Where it starts getting interesting are settings like the high-velocity mode. Above a configurable velocity threshold, the driver offers you to automatically switch the chopper to a faster decay time to squeeze out some extra speed. You can also literally shift the gears by letting the driver internally switch from microstepping to full-step mode once it’s up to speed.


Choosing a finer microstepping resolution smoothens the stepper’s movement, reduces vibrations and sometimes even increases the positioning accuracy. However, it also multiplies the load on the microcontroller, which has to churn out 16, 32 or 256 times more step pulses per second. The TMC2130 lets you pick an input resolution between 1 and 256 microsteps per full-step, and then gives you the option of interpolating the output resolution to 256 microsteps. This allows for smooth operation even on increasingly retro 8-bit AVR motion controllers, which cannot deliver high step frequencies. Also, by configuring the TMC2130’s interface to double-edge step pulses, you can at least double the step frequency at almost no cost. Given that the modern IC still features the classic step/direction interface and even an enable pin, those few additional features actually make it a sweet drop-in upgrade for less-recent CNC and 3D printer electronics.

Noise Reduction

The TMC2130’s datasheet promises undistorted output with stealthChop.

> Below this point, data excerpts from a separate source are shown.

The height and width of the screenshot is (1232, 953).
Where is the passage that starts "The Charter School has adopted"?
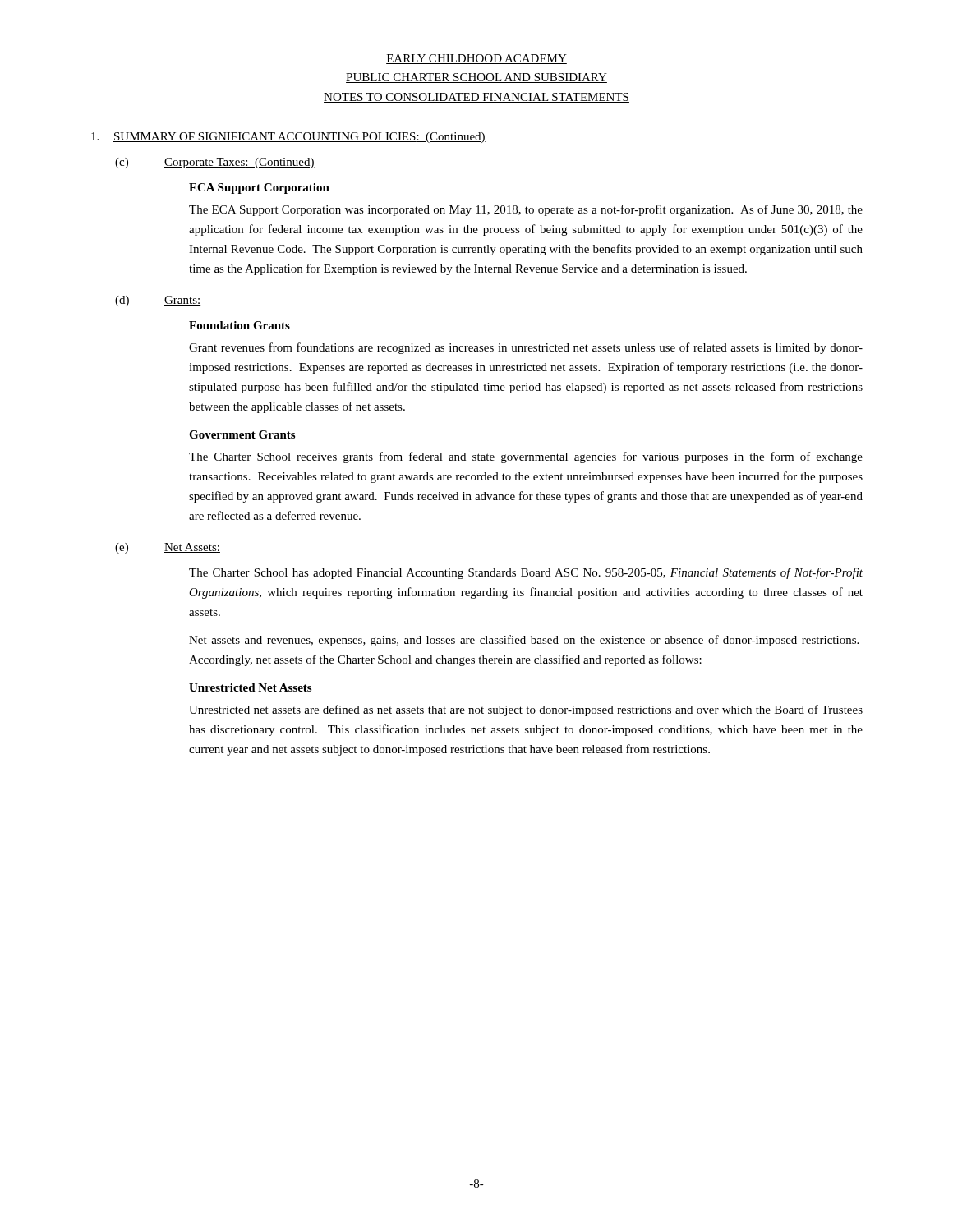[526, 592]
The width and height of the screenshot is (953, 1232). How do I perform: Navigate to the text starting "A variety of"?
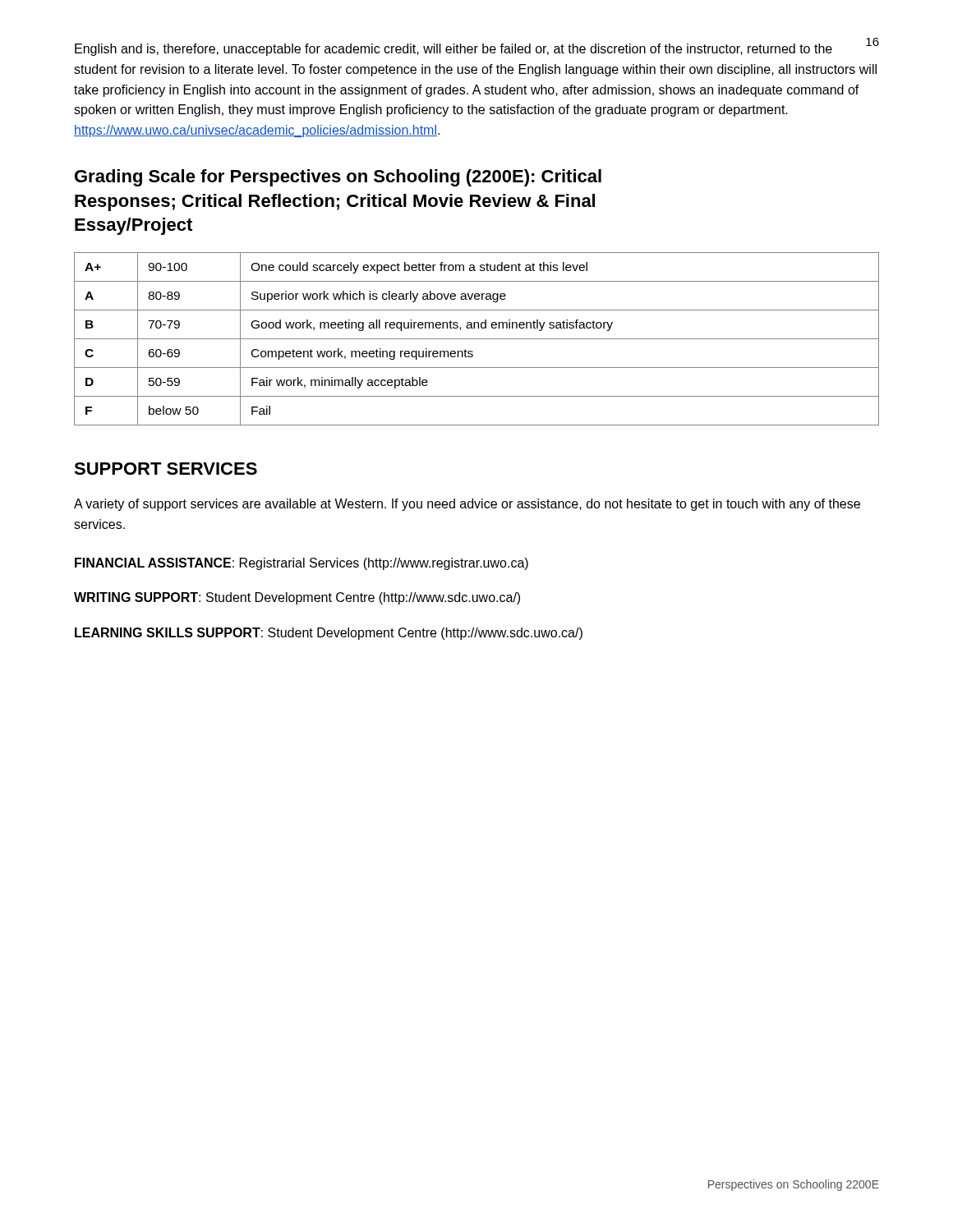(467, 514)
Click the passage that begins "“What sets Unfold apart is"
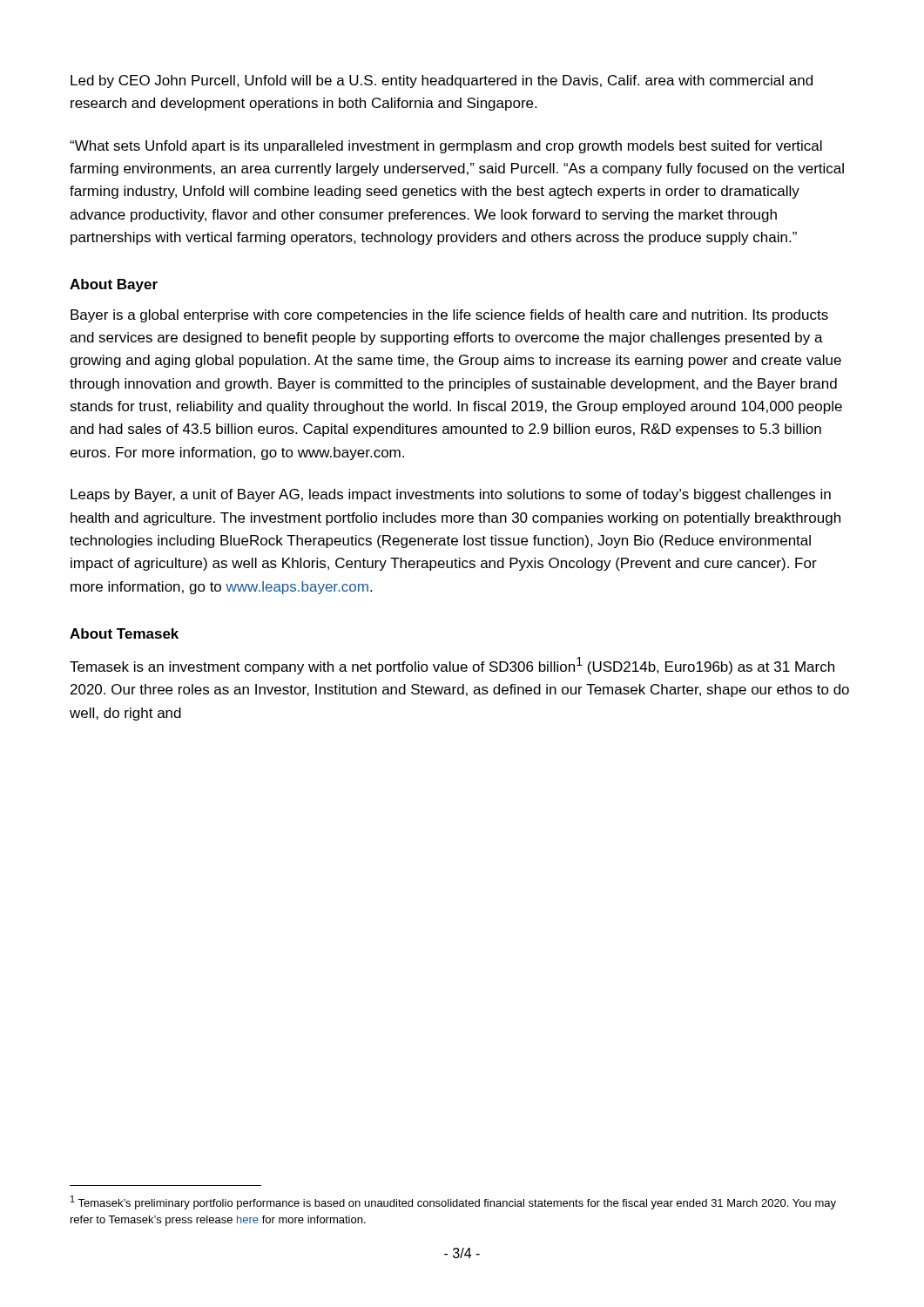 (457, 192)
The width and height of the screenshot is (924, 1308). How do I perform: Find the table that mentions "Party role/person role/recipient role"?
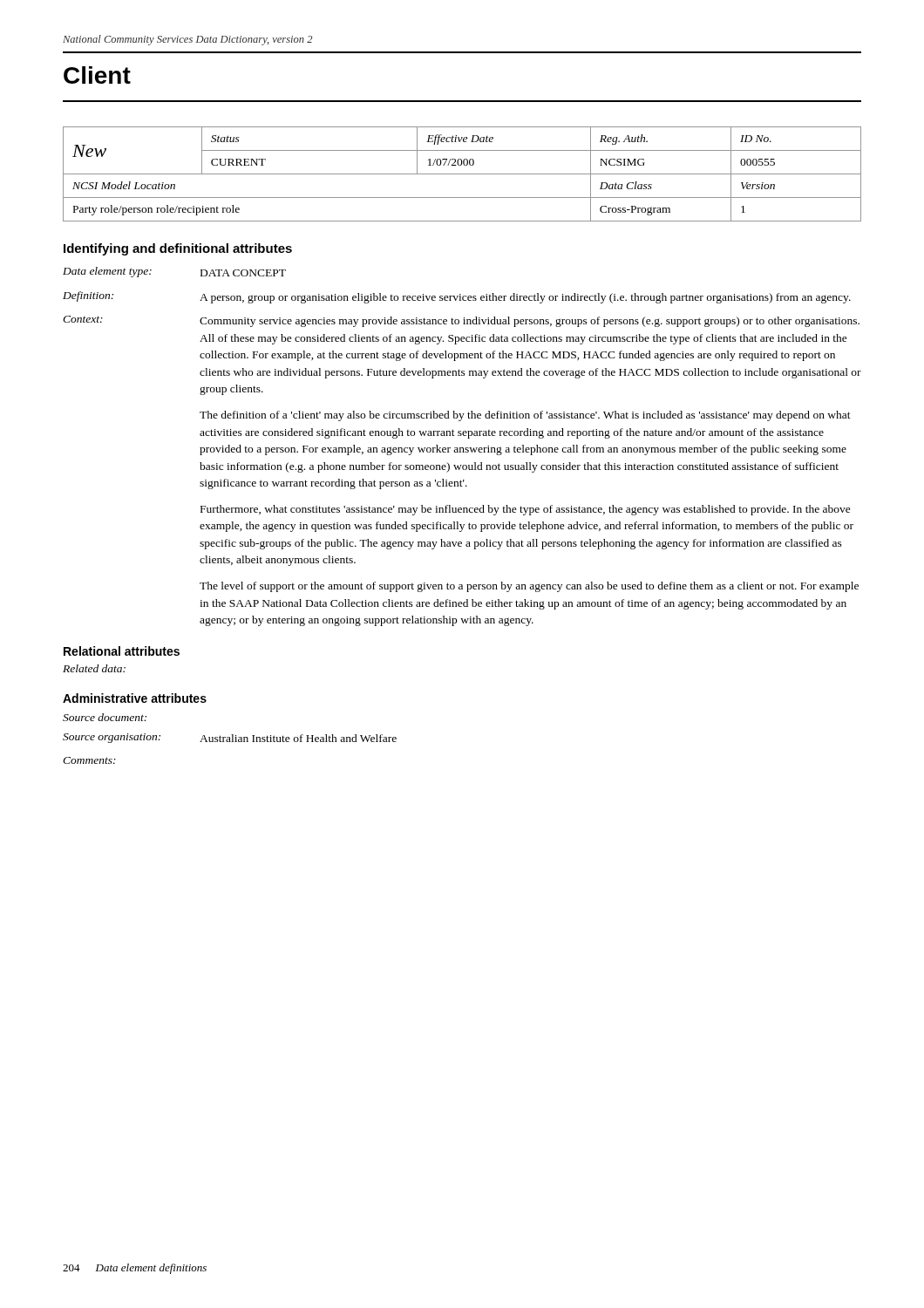click(462, 174)
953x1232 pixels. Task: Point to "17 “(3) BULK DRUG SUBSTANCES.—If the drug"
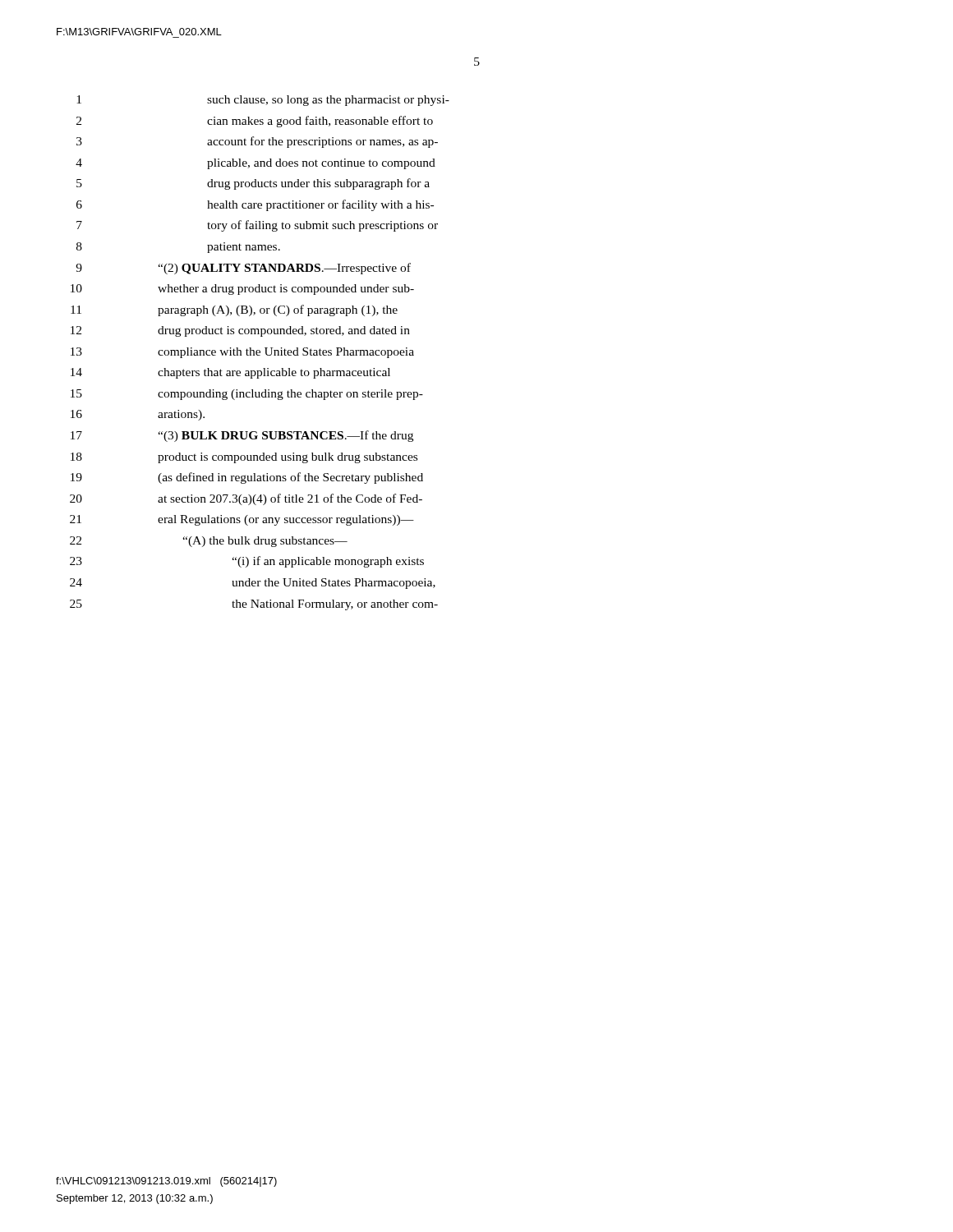tap(242, 436)
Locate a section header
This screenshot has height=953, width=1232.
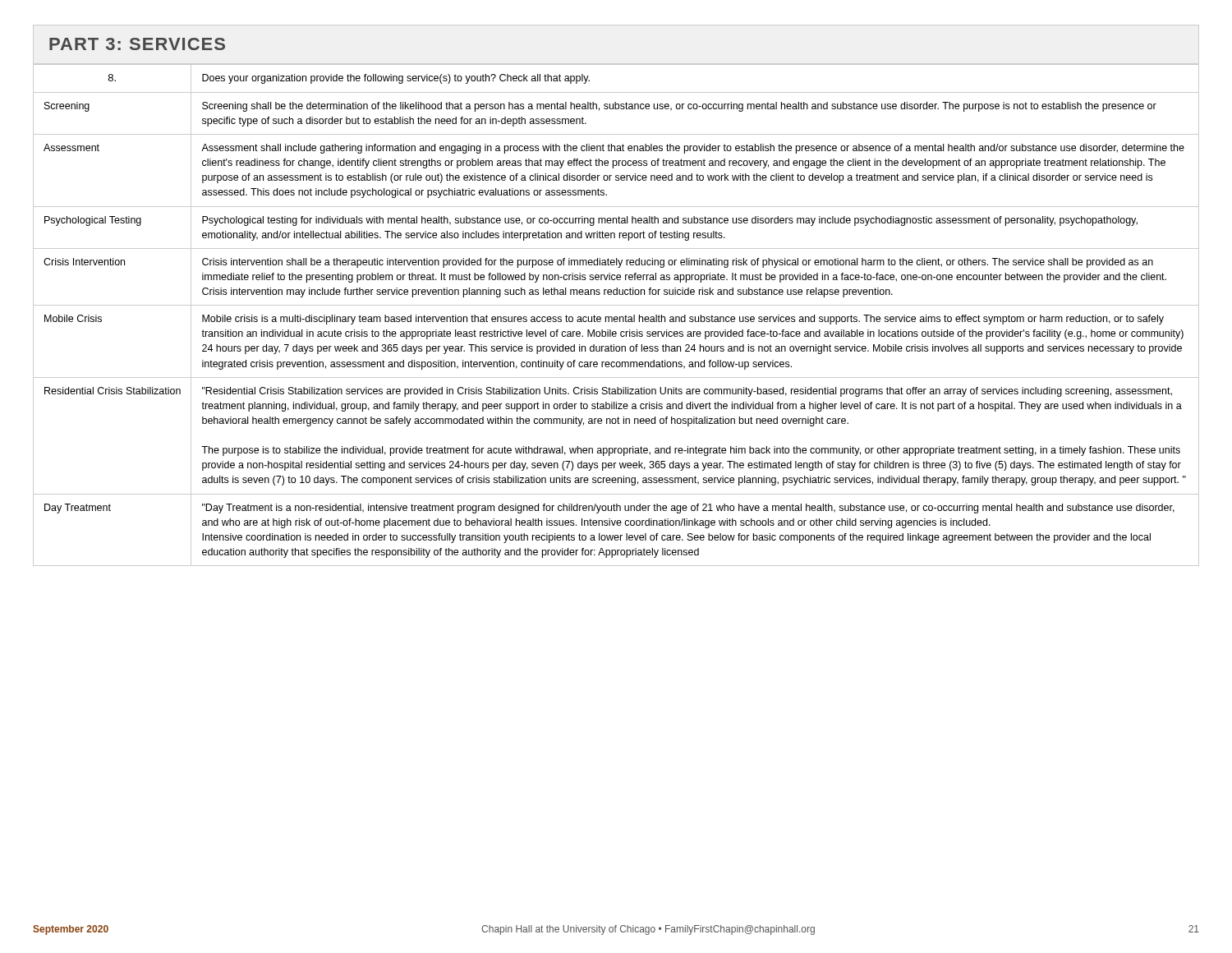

Just like the TMC2100, the TMC2130 features two efficient and silent drive modes: spreadCycle, and stealthChop. The former delivers high torque at relatively low noise emissions, the latter one is almost inaudible but delivers a dramatically reduced torque. The flexible IC also allows you to tweak the chopper yourself to find the right balance between torque, noise, and efficiency for your application. One of the more noteworthy options in this regard is the possibility of randomizing the chopper’s off time. Since most of the audible noise is released due to dubstep the chopper busily switching the stepper motor’s coils, this option spreads the noise over a wider frequency range to subjectively silence the stepper motor.

Stall Detection

The TMC2130 notices when the motor is stalled and losing steps by measuring the motor’s back EMF. Along the way, it counts missed steps, allowing the controller to compensate for otherwise irreversible step-loss. It’s also a great way to react to obstacles rather than running into them full-force and, of course, the feature can be used as an axis endstop. Trinamic calls this feature StallGuard, and just like anything else in this motor driver, it’s highly configurable.

Direct Mode

Instead of letting the motor driver handle everything for you, you can also choose the direct mode. This mode practically turns the driver into a two-channel, bipolar constant-current source with SPI interface. You can still use it as a motor driver, but the possibilities reach far beyond that. It’s worth mentioning that the datasheet might be a bit confusing here, and the corresponding XDIRECT register actually accepts two signed 9 bit integers (not 8 bit) for each coil and operates as expected within a numeric range of, naturally, ± 254 (not ± 255) to vary the current between ± Imax/RMS..

The Takeaway

About half a year after the release of Watterott’s breakout board, the potential of smarter stepper motor drivers piqued the curiosity of the 3D printing community, but not much has happened in terms of implementation. Admittedly, it takes some effort to get them running. If you’re still busy dialing in the temperature on your 3D printer, you surely don’t want to add a few dozen new variables, but if you’re keen on getting the best out of it, the TMC2130 has a lot to offer: low-noise printing, high-speed printing, print interrupt on failure and recovery from lost steps. Because the driver IC is so hackable, it’s clearly intended to be tuned in to accommodate specific applications. Throwing it on a general purpose test bench probably won’t yield meaningful, general purpose results.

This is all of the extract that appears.